De zaak in het kort
De kern van de zaak betreft de kinderalimentatie voor twee minderjarige kinderen, [kind 1] en [kind 2], en de verdeling van de huwelijksgemeenschap na de echtscheiding van de ouders. De rechtbank Amsterdam had eerder een beschikking gegeven over de kinderalimentatiebedragen en de verdeling van diverse eigendommen, waaronder woningen en bankrekeningen. Beide partijen, de man en de vrouw, hebben hoger beroep aangetekend tegen verschillende onderdelen van deze beschikking.

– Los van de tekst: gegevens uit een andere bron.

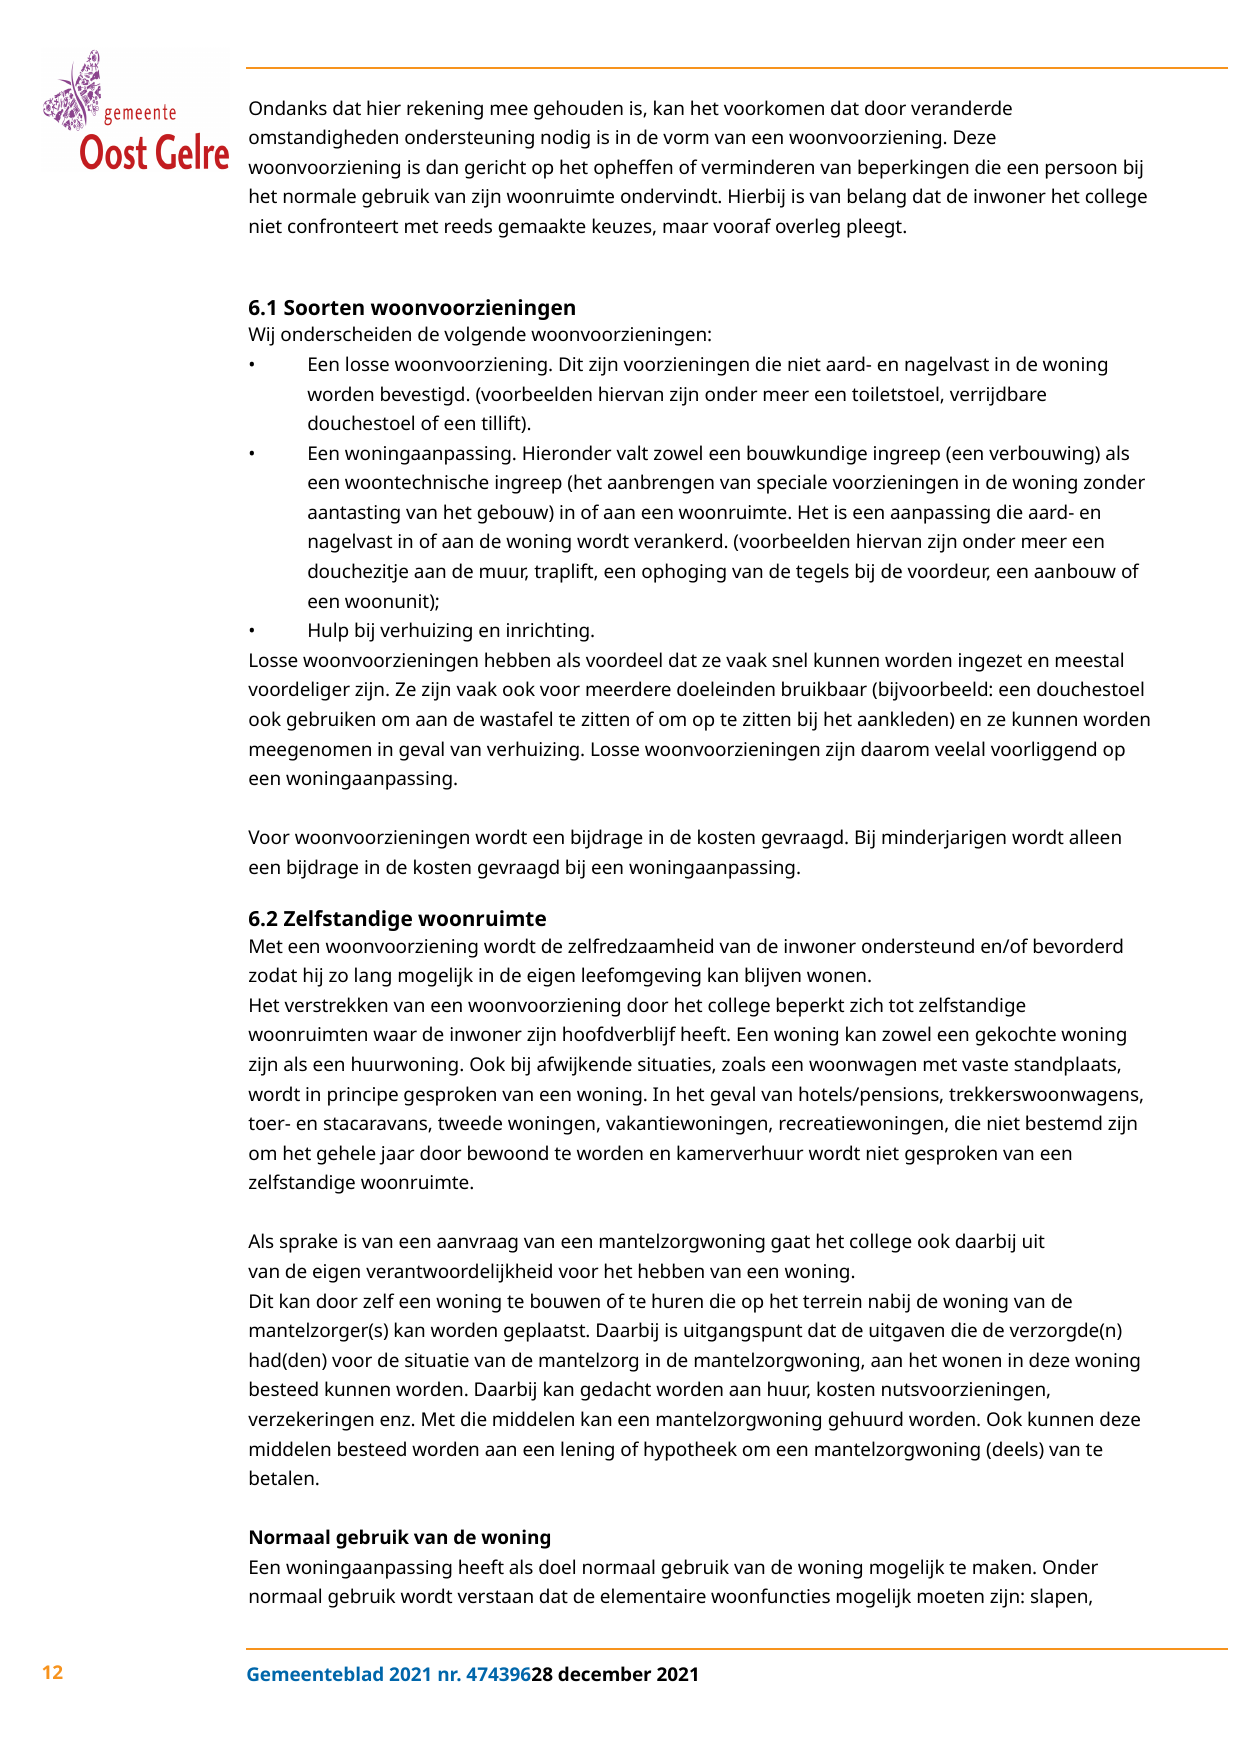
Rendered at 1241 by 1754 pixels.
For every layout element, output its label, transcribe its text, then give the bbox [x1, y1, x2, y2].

text 6.1 Soorten woonvoorzieningen [248, 293, 1152, 322]
list Hulp bij verhuizing en inrichting. [248, 617, 1152, 643]
text Voor woonvoorzieningen wordt een bijdrage in de kosten gevraagd. Bij minderjarigen wordt alleen een bijdrage in de kosten gevraagd bij een woningaanpassing. [248, 824, 1152, 880]
text Een woningaanpassing heeft als doel normaal gebruik van de woning mogelijk te maken. Onder normaal gebruik wordt verstaan dat de elementaire woonfuncties mogelijk moeten zijn: slapen, [248, 1554, 1152, 1609]
text Het verstrekken van een woonvoorziening door het college beperkt zich tot zelfstandige woonruimten waar de inwoner zijn hoofdverblijf heeft. Een woning kan zowel een gekochte woning zijn als een huurwoning. Ook bij afwijkende situaties, zoals een woonwagen met vaste standplaats, wordt in principe gesproken van een woning. In het geval van hotels/pensions, trekkerswoonwagens, toer- en stacaravans, tweede woningen, vakantiewoningen, recreatiewoningen, die niet bestemd zijn om het gehele jaar door bewoond te worden en kamerverhuur wordt niet gesproken van een zelfstandige woonruimte. [248, 992, 1152, 1195]
text Normaal gebruik van de woning [248, 1524, 1152, 1550]
text 6.2 Zelfstandige woonruimte [248, 904, 1152, 933]
text Met een woonvoorziening wordt de zelfredzaamheid van de inwoner ondersteund en/of bevorderd zodat hij zo lang mogelijk in de eigen leefomgeving kan blijven wonen. [248, 933, 1152, 988]
text Dit kan door zelf een woning te bouwen of te huren die op het terrein nabij de woning van de mantelzorger(s) kan worden geplaatst. Daarbij is uitgangspunt dat de uitgaven die de verzorgde(n) had(den) voor de situatie van de mantelzorg in de mantelzorgwoning, aan het wonen in deze woning besteed kunnen worden. Daarbij kan gedacht worden aan huur, kosten nutsvoorzieningen, verzekeringen enz. Met die middelen kan een mantelzorgwoning gehuurd worden. Ook kunnen deze middelen besteed worden aan een lening of hypotheek om een mantelzorgwoning (deels) van te betalen. [248, 1288, 1152, 1491]
picture [41, 47, 231, 172]
list Een losse woonvoorziening. Dit zijn voorzieningen die niet aard- en nagelvast in de woning worden bevestigd. (voorbeelden hiervan zijn onder meer een toiletstoel, verrijdbare douchestoel of een tillift). [248, 351, 1152, 436]
text Ondanks dat hier rekening mee gehouden is, kan het voorkomen dat door veranderde omstandigheden ondersteuning nodig is in de vorm van een woonvoorziening. Deze woonvoorziening is dan gericht op het opheffen of verminderen van beperkingen die een persoon bij het normale gebruik van zijn woonruimte ondervindt. Hierbij is van belang dat de inwoner het college niet confronteert met reeds gemaakte keuzes, maar vooraf overleg pleegt. [248, 95, 1152, 239]
list Een woningaanpassing. Hieronder valt zowel een bouwkundige ingreep (een verbouwing) als een woontechnische ingreep (het aanbrengen van speciale voorzieningen in de woning zonder aantasting van het gebouw) in of aan een woonruimte. Het is een aanpassing die aard- en nagelvast in of aan de woning wordt verankerd. (voorbeelden hiervan zijn onder meer een douchezitje aan de muur, traplift, een ophoging van de tegels bij de voordeur, een aanbouw of een woonunit); [248, 440, 1152, 613]
text Wij onderscheiden de volgende woonvoorzieningen: [248, 322, 1152, 347]
text van de eigen verantwoordelijkheid voor het hebben van een woning. [248, 1258, 1152, 1284]
text Losse woonvoorzieningen hebben als voordeel dat ze vaak snel kunnen worden ingezet en meestal voordeliger zijn. Ze zijn vaak ook voor meerdere doeleinden bruikbaar (bijvoorbeeld: een douchestoel ook gebruiken om aan de wastafel te zitten of om op te zitten bij het aankleden) en ze kunnen worden meegenomen in geval van verhuizing. Losse woonvoorzieningen zijn daarom veelal voorliggend op een woningaanpassing. [248, 647, 1152, 791]
text Als sprake is van een aanvraag van een mantelzorgwoning gaat het college ook daarbij uit [248, 1229, 1152, 1254]
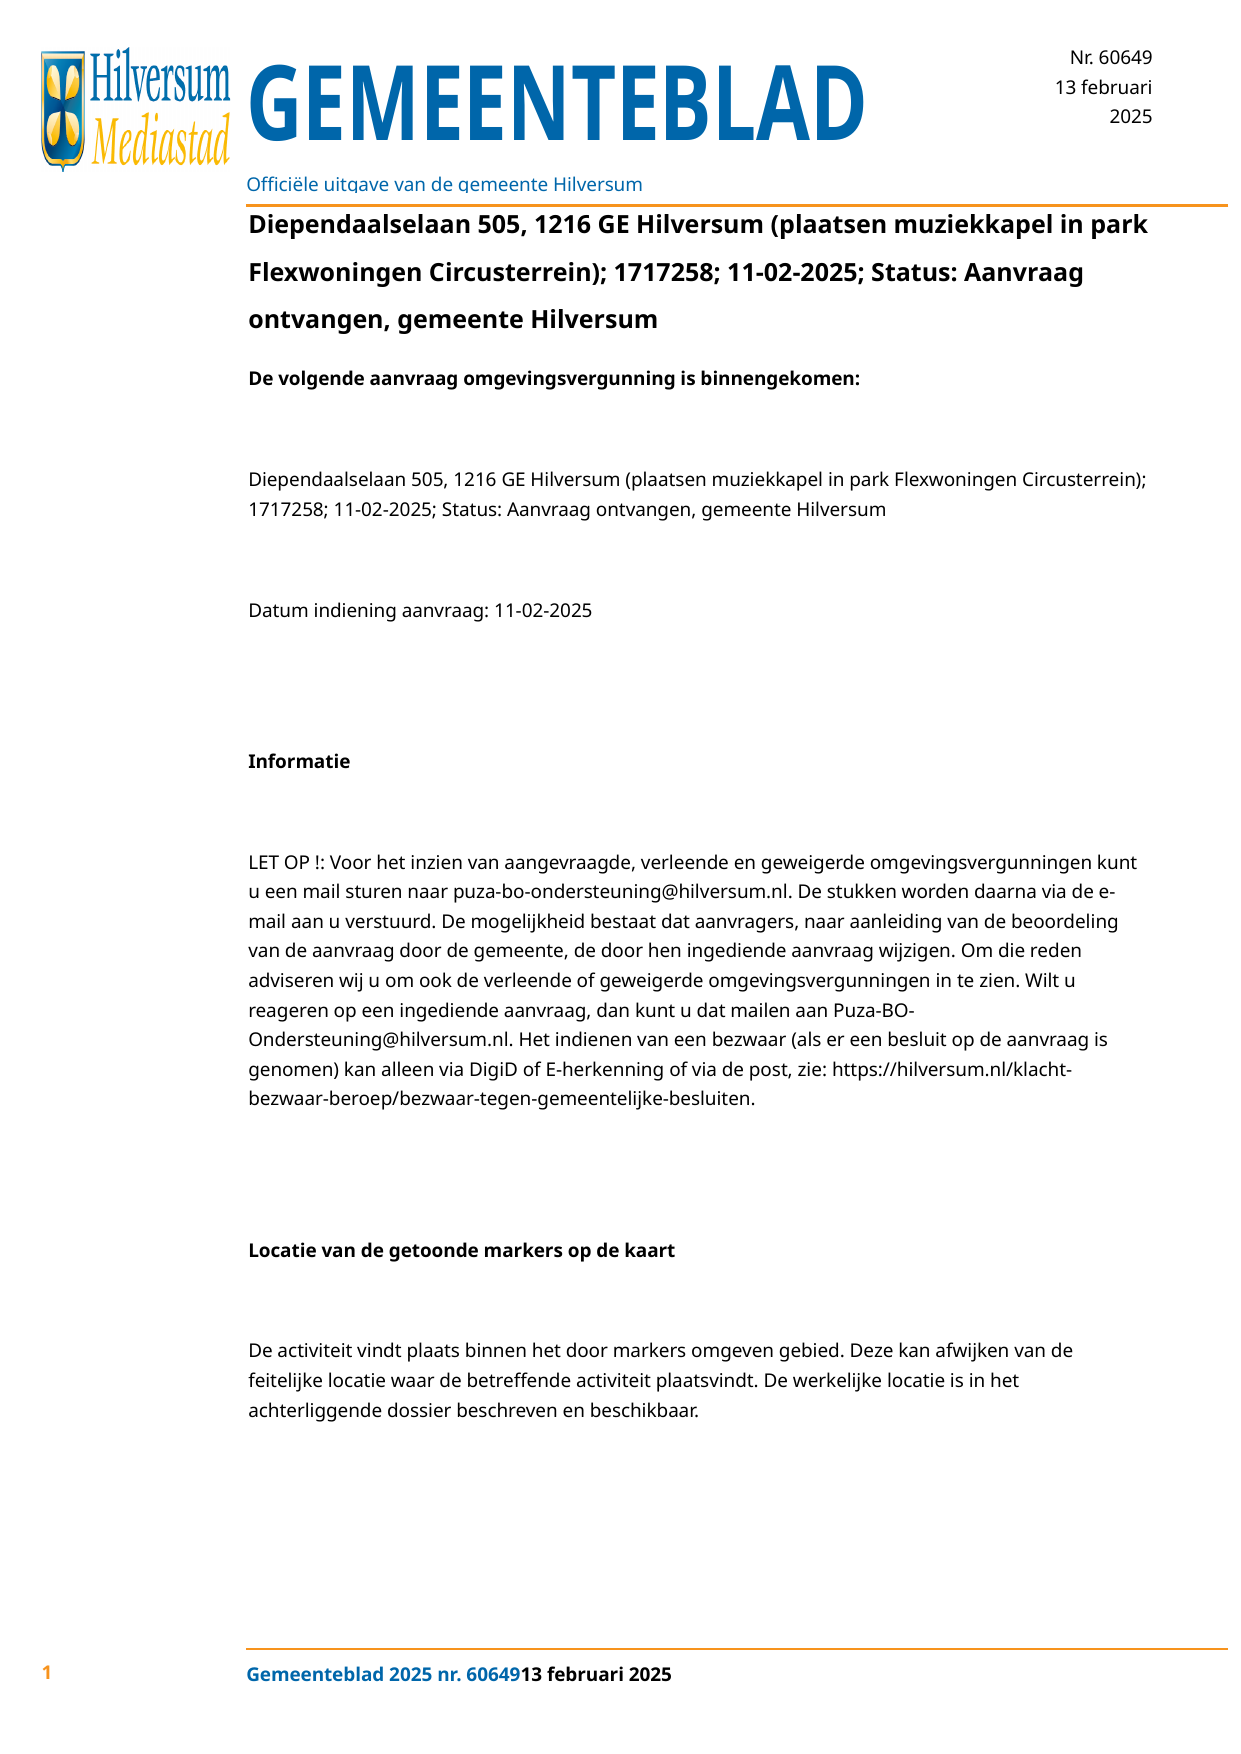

Het verloop van het proces en de feiten
De vrouw en de man zijn in 2000 gehuwd in Marokko en hebben vier kinderen, waarvan twee minderjarig zijn en bij de vrouw wonen. Na de echtscheiding, uitgesproken op 7 april 2023, ontstond er onenigheid over de kinderalimentatie en de verdeling van de huwelijksgemeenschap. De rechtbank bepaalde een alimentatie van € 462,- per maand voor [kind 1] en € 425,- voor [kind 2]. Ook werd er een besluit genomen over de verdeling van woningen en bankrekeningen. De vrouw was het niet eens met de verdeling van de huuropbrengsten en de vaste lasten die zij had betaald. Ze vond dat de man haar verschuldigde bedragen moest terugbetalen. De man wilde op zijn beurt de kinderalimentatie verlagen en had interesse in de overname van twee woningen.
Tijdens het hoger beroep heeft het gerechtshof verschillende stukken van beide partijen ontvangen en zijn er zittingen gehouden waarin beide partijen hun standpunten hebben toegelicht. Het hof was genoodzaakt om zich te buigen over de ingediende grieven van beide partijen en nieuwe beslissingen te nemen over de kinderalimentatie en de verdeling van de eigendommen.
De beslissing van de rechtbank
Het gerechtshof heeft de beschikking van de rechtbank gedeeltelijk herzien. Met betrekking tot de kinderalimentatie heeft het hof de bijdrage voor [kind 2] vanaf 1 januari 2024 verlaagd tot € 389,- per maand en vanaf 1 januari 2025 tot € 414,- per maand, terwijl de alimentatie voor [kind 1] ongewijzigd bleef.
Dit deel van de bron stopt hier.